February’s gift has been a tendonitis flare in my wrist, rendering my dominant hand as useful as a paperweight. Mark has taken up most of the food prep and daily cooking while I whine about my wrist and freebase ibuprofen. It’s improving now; and I haven’t been entirely idle. I’m finishing up my third baby doll quilt for Operation Christmas Child shoeboxes.
Anywhoo. On to this week’s eats.
Oatmeal with Toppings: This one isn’t a recipe other than what’s on the side of the oats canister. Mark is currently loving the apple raisin combo, so we add raisins to the cooking water before it boils and top the prepared oats with diced apple.
Homemade Creamy Tomato Soup – We love this simple soup! I double all the spices except red pepper flakes and add a pinch of nutmeg. Serve with gluten-free Brazilian cheese bread, a grilled cheese sammy or your favorite crusty bread.
Mashed Butternut Squash – New Recipe! My knife skills aren’t the greatest, so I don’t feel comfortable chopping butternut squash for roasting. Instead, I slice it in half lengthwise, brush with olive oil and oven roast at 375° for 45 minutes or until fork tender. Scoop the flesh when it is cool enough to handle and mash. So simple. Serve this as a side with your favorite protein and some green beans or a salad.

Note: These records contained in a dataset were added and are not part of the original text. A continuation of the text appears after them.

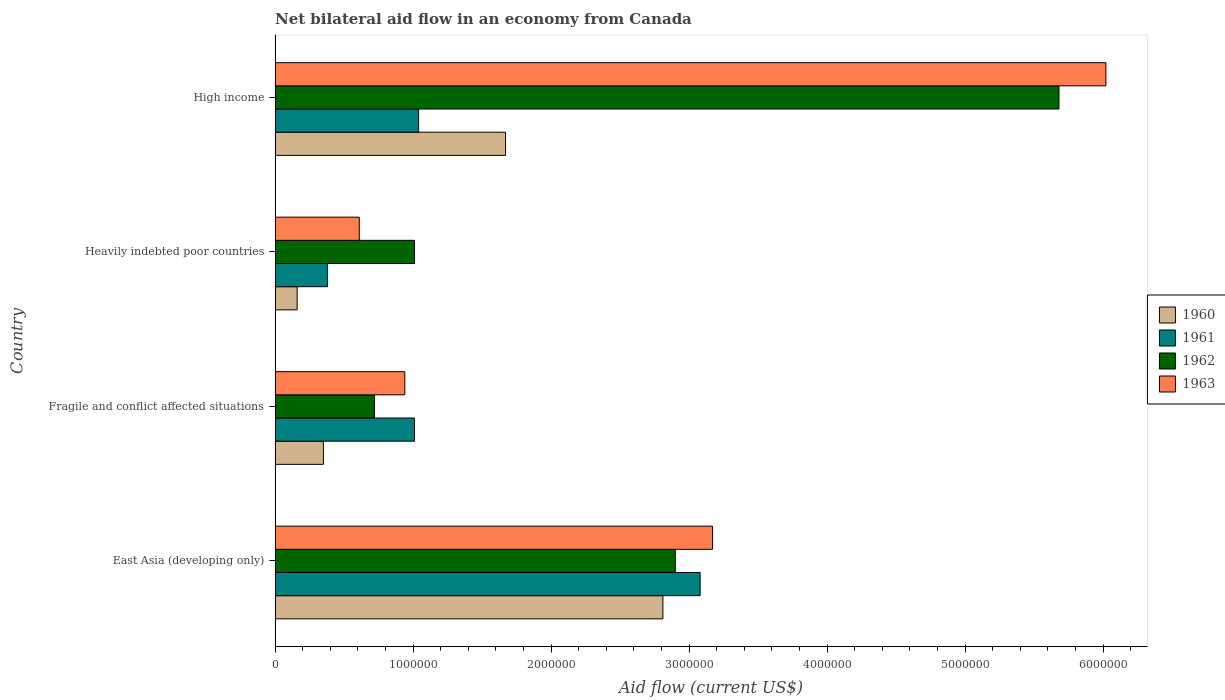How many bars are there on the 1st tick from the top?
Offer a terse response. 4. How many bars are there on the 2nd tick from the bottom?
Your answer should be very brief. 4. What is the label of the 2nd group of bars from the top?
Make the answer very short. Heavily indebted poor countries. Across all countries, what is the maximum net bilateral aid flow in 1963?
Provide a succinct answer. 6.02e+06. Across all countries, what is the minimum net bilateral aid flow in 1961?
Your answer should be compact. 3.80e+05. In which country was the net bilateral aid flow in 1962 maximum?
Ensure brevity in your answer.  High income. In which country was the net bilateral aid flow in 1963 minimum?
Your response must be concise. Heavily indebted poor countries. What is the total net bilateral aid flow in 1961 in the graph?
Provide a succinct answer. 5.51e+06. What is the difference between the net bilateral aid flow in 1963 in Heavily indebted poor countries and that in High income?
Give a very brief answer. -5.41e+06. What is the difference between the net bilateral aid flow in 1963 in Heavily indebted poor countries and the net bilateral aid flow in 1961 in Fragile and conflict affected situations?
Your answer should be compact. -4.00e+05. What is the average net bilateral aid flow in 1962 per country?
Ensure brevity in your answer.  2.58e+06. What is the difference between the net bilateral aid flow in 1962 and net bilateral aid flow in 1961 in East Asia (developing only)?
Provide a short and direct response. -1.80e+05. What is the ratio of the net bilateral aid flow in 1960 in East Asia (developing only) to that in Fragile and conflict affected situations?
Provide a short and direct response. 8.03. Is the difference between the net bilateral aid flow in 1962 in East Asia (developing only) and Fragile and conflict affected situations greater than the difference between the net bilateral aid flow in 1961 in East Asia (developing only) and Fragile and conflict affected situations?
Your answer should be compact. Yes. What is the difference between the highest and the second highest net bilateral aid flow in 1961?
Keep it short and to the point. 2.04e+06. What is the difference between the highest and the lowest net bilateral aid flow in 1960?
Offer a terse response. 2.65e+06. In how many countries, is the net bilateral aid flow in 1962 greater than the average net bilateral aid flow in 1962 taken over all countries?
Your response must be concise. 2. Is it the case that in every country, the sum of the net bilateral aid flow in 1963 and net bilateral aid flow in 1962 is greater than the sum of net bilateral aid flow in 1961 and net bilateral aid flow in 1960?
Offer a terse response. No. Is it the case that in every country, the sum of the net bilateral aid flow in 1961 and net bilateral aid flow in 1960 is greater than the net bilateral aid flow in 1962?
Make the answer very short. No. How many bars are there?
Make the answer very short. 16. Are the values on the major ticks of X-axis written in scientific E-notation?
Your response must be concise. No. Does the graph contain grids?
Give a very brief answer. No. How many legend labels are there?
Provide a short and direct response. 4. What is the title of the graph?
Provide a short and direct response. Net bilateral aid flow in an economy from Canada. What is the label or title of the X-axis?
Give a very brief answer. Aid flow (current US$). What is the Aid flow (current US$) in 1960 in East Asia (developing only)?
Your response must be concise. 2.81e+06. What is the Aid flow (current US$) in 1961 in East Asia (developing only)?
Offer a very short reply. 3.08e+06. What is the Aid flow (current US$) in 1962 in East Asia (developing only)?
Give a very brief answer. 2.90e+06. What is the Aid flow (current US$) of 1963 in East Asia (developing only)?
Your response must be concise. 3.17e+06. What is the Aid flow (current US$) of 1961 in Fragile and conflict affected situations?
Your answer should be compact. 1.01e+06. What is the Aid flow (current US$) in 1962 in Fragile and conflict affected situations?
Offer a very short reply. 7.20e+05. What is the Aid flow (current US$) of 1963 in Fragile and conflict affected situations?
Your answer should be very brief. 9.40e+05. What is the Aid flow (current US$) in 1962 in Heavily indebted poor countries?
Make the answer very short. 1.01e+06. What is the Aid flow (current US$) of 1963 in Heavily indebted poor countries?
Give a very brief answer. 6.10e+05. What is the Aid flow (current US$) of 1960 in High income?
Your answer should be very brief. 1.67e+06. What is the Aid flow (current US$) in 1961 in High income?
Provide a succinct answer. 1.04e+06. What is the Aid flow (current US$) of 1962 in High income?
Keep it short and to the point. 5.68e+06. What is the Aid flow (current US$) in 1963 in High income?
Your response must be concise. 6.02e+06. Across all countries, what is the maximum Aid flow (current US$) of 1960?
Offer a very short reply. 2.81e+06. Across all countries, what is the maximum Aid flow (current US$) in 1961?
Give a very brief answer. 3.08e+06. Across all countries, what is the maximum Aid flow (current US$) of 1962?
Your answer should be compact. 5.68e+06. Across all countries, what is the maximum Aid flow (current US$) in 1963?
Give a very brief answer. 6.02e+06. Across all countries, what is the minimum Aid flow (current US$) in 1961?
Make the answer very short. 3.80e+05. Across all countries, what is the minimum Aid flow (current US$) of 1962?
Give a very brief answer. 7.20e+05. Across all countries, what is the minimum Aid flow (current US$) of 1963?
Give a very brief answer. 6.10e+05. What is the total Aid flow (current US$) in 1960 in the graph?
Make the answer very short. 4.99e+06. What is the total Aid flow (current US$) in 1961 in the graph?
Provide a succinct answer. 5.51e+06. What is the total Aid flow (current US$) of 1962 in the graph?
Ensure brevity in your answer.  1.03e+07. What is the total Aid flow (current US$) in 1963 in the graph?
Make the answer very short. 1.07e+07. What is the difference between the Aid flow (current US$) in 1960 in East Asia (developing only) and that in Fragile and conflict affected situations?
Keep it short and to the point. 2.46e+06. What is the difference between the Aid flow (current US$) in 1961 in East Asia (developing only) and that in Fragile and conflict affected situations?
Your answer should be compact. 2.07e+06. What is the difference between the Aid flow (current US$) in 1962 in East Asia (developing only) and that in Fragile and conflict affected situations?
Provide a short and direct response. 2.18e+06. What is the difference between the Aid flow (current US$) of 1963 in East Asia (developing only) and that in Fragile and conflict affected situations?
Provide a succinct answer. 2.23e+06. What is the difference between the Aid flow (current US$) of 1960 in East Asia (developing only) and that in Heavily indebted poor countries?
Offer a very short reply. 2.65e+06. What is the difference between the Aid flow (current US$) in 1961 in East Asia (developing only) and that in Heavily indebted poor countries?
Your answer should be compact. 2.70e+06. What is the difference between the Aid flow (current US$) of 1962 in East Asia (developing only) and that in Heavily indebted poor countries?
Give a very brief answer. 1.89e+06. What is the difference between the Aid flow (current US$) of 1963 in East Asia (developing only) and that in Heavily indebted poor countries?
Provide a succinct answer. 2.56e+06. What is the difference between the Aid flow (current US$) in 1960 in East Asia (developing only) and that in High income?
Your answer should be very brief. 1.14e+06. What is the difference between the Aid flow (current US$) of 1961 in East Asia (developing only) and that in High income?
Provide a succinct answer. 2.04e+06. What is the difference between the Aid flow (current US$) in 1962 in East Asia (developing only) and that in High income?
Offer a terse response. -2.78e+06. What is the difference between the Aid flow (current US$) in 1963 in East Asia (developing only) and that in High income?
Offer a very short reply. -2.85e+06. What is the difference between the Aid flow (current US$) of 1960 in Fragile and conflict affected situations and that in Heavily indebted poor countries?
Give a very brief answer. 1.90e+05. What is the difference between the Aid flow (current US$) in 1961 in Fragile and conflict affected situations and that in Heavily indebted poor countries?
Your answer should be compact. 6.30e+05. What is the difference between the Aid flow (current US$) in 1962 in Fragile and conflict affected situations and that in Heavily indebted poor countries?
Offer a very short reply. -2.90e+05. What is the difference between the Aid flow (current US$) in 1963 in Fragile and conflict affected situations and that in Heavily indebted poor countries?
Offer a terse response. 3.30e+05. What is the difference between the Aid flow (current US$) in 1960 in Fragile and conflict affected situations and that in High income?
Make the answer very short. -1.32e+06. What is the difference between the Aid flow (current US$) of 1962 in Fragile and conflict affected situations and that in High income?
Ensure brevity in your answer.  -4.96e+06. What is the difference between the Aid flow (current US$) in 1963 in Fragile and conflict affected situations and that in High income?
Your response must be concise. -5.08e+06. What is the difference between the Aid flow (current US$) in 1960 in Heavily indebted poor countries and that in High income?
Keep it short and to the point. -1.51e+06. What is the difference between the Aid flow (current US$) of 1961 in Heavily indebted poor countries and that in High income?
Your answer should be compact. -6.60e+05. What is the difference between the Aid flow (current US$) of 1962 in Heavily indebted poor countries and that in High income?
Provide a short and direct response. -4.67e+06. What is the difference between the Aid flow (current US$) of 1963 in Heavily indebted poor countries and that in High income?
Your response must be concise. -5.41e+06. What is the difference between the Aid flow (current US$) of 1960 in East Asia (developing only) and the Aid flow (current US$) of 1961 in Fragile and conflict affected situations?
Ensure brevity in your answer.  1.80e+06. What is the difference between the Aid flow (current US$) of 1960 in East Asia (developing only) and the Aid flow (current US$) of 1962 in Fragile and conflict affected situations?
Give a very brief answer. 2.09e+06. What is the difference between the Aid flow (current US$) in 1960 in East Asia (developing only) and the Aid flow (current US$) in 1963 in Fragile and conflict affected situations?
Ensure brevity in your answer.  1.87e+06. What is the difference between the Aid flow (current US$) in 1961 in East Asia (developing only) and the Aid flow (current US$) in 1962 in Fragile and conflict affected situations?
Provide a short and direct response. 2.36e+06. What is the difference between the Aid flow (current US$) in 1961 in East Asia (developing only) and the Aid flow (current US$) in 1963 in Fragile and conflict affected situations?
Provide a succinct answer. 2.14e+06. What is the difference between the Aid flow (current US$) of 1962 in East Asia (developing only) and the Aid flow (current US$) of 1963 in Fragile and conflict affected situations?
Offer a very short reply. 1.96e+06. What is the difference between the Aid flow (current US$) in 1960 in East Asia (developing only) and the Aid flow (current US$) in 1961 in Heavily indebted poor countries?
Your answer should be compact. 2.43e+06. What is the difference between the Aid flow (current US$) in 1960 in East Asia (developing only) and the Aid flow (current US$) in 1962 in Heavily indebted poor countries?
Your answer should be very brief. 1.80e+06. What is the difference between the Aid flow (current US$) in 1960 in East Asia (developing only) and the Aid flow (current US$) in 1963 in Heavily indebted poor countries?
Your response must be concise. 2.20e+06. What is the difference between the Aid flow (current US$) in 1961 in East Asia (developing only) and the Aid flow (current US$) in 1962 in Heavily indebted poor countries?
Your answer should be very brief. 2.07e+06. What is the difference between the Aid flow (current US$) in 1961 in East Asia (developing only) and the Aid flow (current US$) in 1963 in Heavily indebted poor countries?
Provide a short and direct response. 2.47e+06. What is the difference between the Aid flow (current US$) of 1962 in East Asia (developing only) and the Aid flow (current US$) of 1963 in Heavily indebted poor countries?
Keep it short and to the point. 2.29e+06. What is the difference between the Aid flow (current US$) in 1960 in East Asia (developing only) and the Aid flow (current US$) in 1961 in High income?
Your answer should be compact. 1.77e+06. What is the difference between the Aid flow (current US$) of 1960 in East Asia (developing only) and the Aid flow (current US$) of 1962 in High income?
Provide a short and direct response. -2.87e+06. What is the difference between the Aid flow (current US$) of 1960 in East Asia (developing only) and the Aid flow (current US$) of 1963 in High income?
Ensure brevity in your answer.  -3.21e+06. What is the difference between the Aid flow (current US$) of 1961 in East Asia (developing only) and the Aid flow (current US$) of 1962 in High income?
Provide a short and direct response. -2.60e+06. What is the difference between the Aid flow (current US$) of 1961 in East Asia (developing only) and the Aid flow (current US$) of 1963 in High income?
Give a very brief answer. -2.94e+06. What is the difference between the Aid flow (current US$) of 1962 in East Asia (developing only) and the Aid flow (current US$) of 1963 in High income?
Ensure brevity in your answer.  -3.12e+06. What is the difference between the Aid flow (current US$) of 1960 in Fragile and conflict affected situations and the Aid flow (current US$) of 1962 in Heavily indebted poor countries?
Offer a very short reply. -6.60e+05. What is the difference between the Aid flow (current US$) in 1960 in Fragile and conflict affected situations and the Aid flow (current US$) in 1963 in Heavily indebted poor countries?
Provide a short and direct response. -2.60e+05. What is the difference between the Aid flow (current US$) of 1960 in Fragile and conflict affected situations and the Aid flow (current US$) of 1961 in High income?
Keep it short and to the point. -6.90e+05. What is the difference between the Aid flow (current US$) of 1960 in Fragile and conflict affected situations and the Aid flow (current US$) of 1962 in High income?
Keep it short and to the point. -5.33e+06. What is the difference between the Aid flow (current US$) of 1960 in Fragile and conflict affected situations and the Aid flow (current US$) of 1963 in High income?
Your response must be concise. -5.67e+06. What is the difference between the Aid flow (current US$) of 1961 in Fragile and conflict affected situations and the Aid flow (current US$) of 1962 in High income?
Your answer should be very brief. -4.67e+06. What is the difference between the Aid flow (current US$) in 1961 in Fragile and conflict affected situations and the Aid flow (current US$) in 1963 in High income?
Ensure brevity in your answer.  -5.01e+06. What is the difference between the Aid flow (current US$) of 1962 in Fragile and conflict affected situations and the Aid flow (current US$) of 1963 in High income?
Provide a succinct answer. -5.30e+06. What is the difference between the Aid flow (current US$) in 1960 in Heavily indebted poor countries and the Aid flow (current US$) in 1961 in High income?
Your answer should be very brief. -8.80e+05. What is the difference between the Aid flow (current US$) of 1960 in Heavily indebted poor countries and the Aid flow (current US$) of 1962 in High income?
Give a very brief answer. -5.52e+06. What is the difference between the Aid flow (current US$) in 1960 in Heavily indebted poor countries and the Aid flow (current US$) in 1963 in High income?
Make the answer very short. -5.86e+06. What is the difference between the Aid flow (current US$) in 1961 in Heavily indebted poor countries and the Aid flow (current US$) in 1962 in High income?
Provide a short and direct response. -5.30e+06. What is the difference between the Aid flow (current US$) of 1961 in Heavily indebted poor countries and the Aid flow (current US$) of 1963 in High income?
Your answer should be very brief. -5.64e+06. What is the difference between the Aid flow (current US$) in 1962 in Heavily indebted poor countries and the Aid flow (current US$) in 1963 in High income?
Offer a terse response. -5.01e+06. What is the average Aid flow (current US$) of 1960 per country?
Offer a terse response. 1.25e+06. What is the average Aid flow (current US$) of 1961 per country?
Your response must be concise. 1.38e+06. What is the average Aid flow (current US$) of 1962 per country?
Make the answer very short. 2.58e+06. What is the average Aid flow (current US$) in 1963 per country?
Make the answer very short. 2.68e+06. What is the difference between the Aid flow (current US$) of 1960 and Aid flow (current US$) of 1963 in East Asia (developing only)?
Your answer should be compact. -3.60e+05. What is the difference between the Aid flow (current US$) in 1961 and Aid flow (current US$) in 1963 in East Asia (developing only)?
Provide a short and direct response. -9.00e+04. What is the difference between the Aid flow (current US$) in 1962 and Aid flow (current US$) in 1963 in East Asia (developing only)?
Your answer should be compact. -2.70e+05. What is the difference between the Aid flow (current US$) of 1960 and Aid flow (current US$) of 1961 in Fragile and conflict affected situations?
Offer a terse response. -6.60e+05. What is the difference between the Aid flow (current US$) of 1960 and Aid flow (current US$) of 1962 in Fragile and conflict affected situations?
Offer a terse response. -3.70e+05. What is the difference between the Aid flow (current US$) in 1960 and Aid flow (current US$) in 1963 in Fragile and conflict affected situations?
Provide a succinct answer. -5.90e+05. What is the difference between the Aid flow (current US$) of 1961 and Aid flow (current US$) of 1963 in Fragile and conflict affected situations?
Offer a very short reply. 7.00e+04. What is the difference between the Aid flow (current US$) in 1960 and Aid flow (current US$) in 1961 in Heavily indebted poor countries?
Make the answer very short. -2.20e+05. What is the difference between the Aid flow (current US$) of 1960 and Aid flow (current US$) of 1962 in Heavily indebted poor countries?
Your answer should be compact. -8.50e+05. What is the difference between the Aid flow (current US$) in 1960 and Aid flow (current US$) in 1963 in Heavily indebted poor countries?
Keep it short and to the point. -4.50e+05. What is the difference between the Aid flow (current US$) in 1961 and Aid flow (current US$) in 1962 in Heavily indebted poor countries?
Your answer should be very brief. -6.30e+05. What is the difference between the Aid flow (current US$) in 1961 and Aid flow (current US$) in 1963 in Heavily indebted poor countries?
Keep it short and to the point. -2.30e+05. What is the difference between the Aid flow (current US$) of 1962 and Aid flow (current US$) of 1963 in Heavily indebted poor countries?
Make the answer very short. 4.00e+05. What is the difference between the Aid flow (current US$) of 1960 and Aid flow (current US$) of 1961 in High income?
Ensure brevity in your answer.  6.30e+05. What is the difference between the Aid flow (current US$) in 1960 and Aid flow (current US$) in 1962 in High income?
Ensure brevity in your answer.  -4.01e+06. What is the difference between the Aid flow (current US$) in 1960 and Aid flow (current US$) in 1963 in High income?
Ensure brevity in your answer.  -4.35e+06. What is the difference between the Aid flow (current US$) of 1961 and Aid flow (current US$) of 1962 in High income?
Make the answer very short. -4.64e+06. What is the difference between the Aid flow (current US$) of 1961 and Aid flow (current US$) of 1963 in High income?
Your answer should be compact. -4.98e+06. What is the ratio of the Aid flow (current US$) in 1960 in East Asia (developing only) to that in Fragile and conflict affected situations?
Provide a succinct answer. 8.03. What is the ratio of the Aid flow (current US$) in 1961 in East Asia (developing only) to that in Fragile and conflict affected situations?
Ensure brevity in your answer.  3.05. What is the ratio of the Aid flow (current US$) in 1962 in East Asia (developing only) to that in Fragile and conflict affected situations?
Provide a succinct answer. 4.03. What is the ratio of the Aid flow (current US$) of 1963 in East Asia (developing only) to that in Fragile and conflict affected situations?
Your response must be concise. 3.37. What is the ratio of the Aid flow (current US$) of 1960 in East Asia (developing only) to that in Heavily indebted poor countries?
Give a very brief answer. 17.56. What is the ratio of the Aid flow (current US$) of 1961 in East Asia (developing only) to that in Heavily indebted poor countries?
Offer a terse response. 8.11. What is the ratio of the Aid flow (current US$) in 1962 in East Asia (developing only) to that in Heavily indebted poor countries?
Ensure brevity in your answer.  2.87. What is the ratio of the Aid flow (current US$) in 1963 in East Asia (developing only) to that in Heavily indebted poor countries?
Offer a terse response. 5.2. What is the ratio of the Aid flow (current US$) of 1960 in East Asia (developing only) to that in High income?
Make the answer very short. 1.68. What is the ratio of the Aid flow (current US$) of 1961 in East Asia (developing only) to that in High income?
Give a very brief answer. 2.96. What is the ratio of the Aid flow (current US$) in 1962 in East Asia (developing only) to that in High income?
Provide a short and direct response. 0.51. What is the ratio of the Aid flow (current US$) in 1963 in East Asia (developing only) to that in High income?
Keep it short and to the point. 0.53. What is the ratio of the Aid flow (current US$) of 1960 in Fragile and conflict affected situations to that in Heavily indebted poor countries?
Give a very brief answer. 2.19. What is the ratio of the Aid flow (current US$) of 1961 in Fragile and conflict affected situations to that in Heavily indebted poor countries?
Ensure brevity in your answer.  2.66. What is the ratio of the Aid flow (current US$) of 1962 in Fragile and conflict affected situations to that in Heavily indebted poor countries?
Make the answer very short. 0.71. What is the ratio of the Aid flow (current US$) of 1963 in Fragile and conflict affected situations to that in Heavily indebted poor countries?
Give a very brief answer. 1.54. What is the ratio of the Aid flow (current US$) in 1960 in Fragile and conflict affected situations to that in High income?
Make the answer very short. 0.21. What is the ratio of the Aid flow (current US$) of 1961 in Fragile and conflict affected situations to that in High income?
Keep it short and to the point. 0.97. What is the ratio of the Aid flow (current US$) of 1962 in Fragile and conflict affected situations to that in High income?
Offer a very short reply. 0.13. What is the ratio of the Aid flow (current US$) of 1963 in Fragile and conflict affected situations to that in High income?
Give a very brief answer. 0.16. What is the ratio of the Aid flow (current US$) of 1960 in Heavily indebted poor countries to that in High income?
Provide a short and direct response. 0.1. What is the ratio of the Aid flow (current US$) in 1961 in Heavily indebted poor countries to that in High income?
Give a very brief answer. 0.37. What is the ratio of the Aid flow (current US$) of 1962 in Heavily indebted poor countries to that in High income?
Offer a very short reply. 0.18. What is the ratio of the Aid flow (current US$) of 1963 in Heavily indebted poor countries to that in High income?
Ensure brevity in your answer.  0.1. What is the difference between the highest and the second highest Aid flow (current US$) of 1960?
Keep it short and to the point. 1.14e+06. What is the difference between the highest and the second highest Aid flow (current US$) of 1961?
Ensure brevity in your answer.  2.04e+06. What is the difference between the highest and the second highest Aid flow (current US$) in 1962?
Keep it short and to the point. 2.78e+06. What is the difference between the highest and the second highest Aid flow (current US$) in 1963?
Keep it short and to the point. 2.85e+06. What is the difference between the highest and the lowest Aid flow (current US$) of 1960?
Give a very brief answer. 2.65e+06. What is the difference between the highest and the lowest Aid flow (current US$) of 1961?
Keep it short and to the point. 2.70e+06. What is the difference between the highest and the lowest Aid flow (current US$) of 1962?
Keep it short and to the point. 4.96e+06. What is the difference between the highest and the lowest Aid flow (current US$) of 1963?
Give a very brief answer. 5.41e+06.

Teriyaki Salmon – Here’s an easy, sheet pan meal! I substitute gluten free tamari for the soy sauce. Cook until the salmon flakes easily and the veggies are tender-crisp.
Creamy Greek Pasta Salad – Mark rates this one a 9; he can deal with the feta, but not kalamata olives! We use lentil or chickpea pasta because it is less gummy than brown rice pasta. This large salad would be perfect for potlucks or family gatherings.
Chicken Pineapple Curry – Hello, old friend! Savory with pineapple sweetness, this recipe is an old favorite. For thicker sauce, use just one can of coconut milk. We usually make a double batch and stash the extra in the freezer.
Snack and Treat:
Stupidly Easy Banana Bread – With only six ingredients and no processed sugar, this lightly sweet loaf is great for breakfast, snacks or as a treat.
If you need a lil’ sweetness on your banana bread, add the maple cream cheese spread. So good, it’s dangerous! I decrease the recipe by half and add a teaspoon of cinnamon and a pinch of nutmeg. For dairy-free, whip some chilled coconut cream. If the mixture is too thick to spread easily, add in a tablespoon or two of milk or coconut milk.
Maple Cream Cheese Spread:
I hope your week is off to a good start and brings only good things!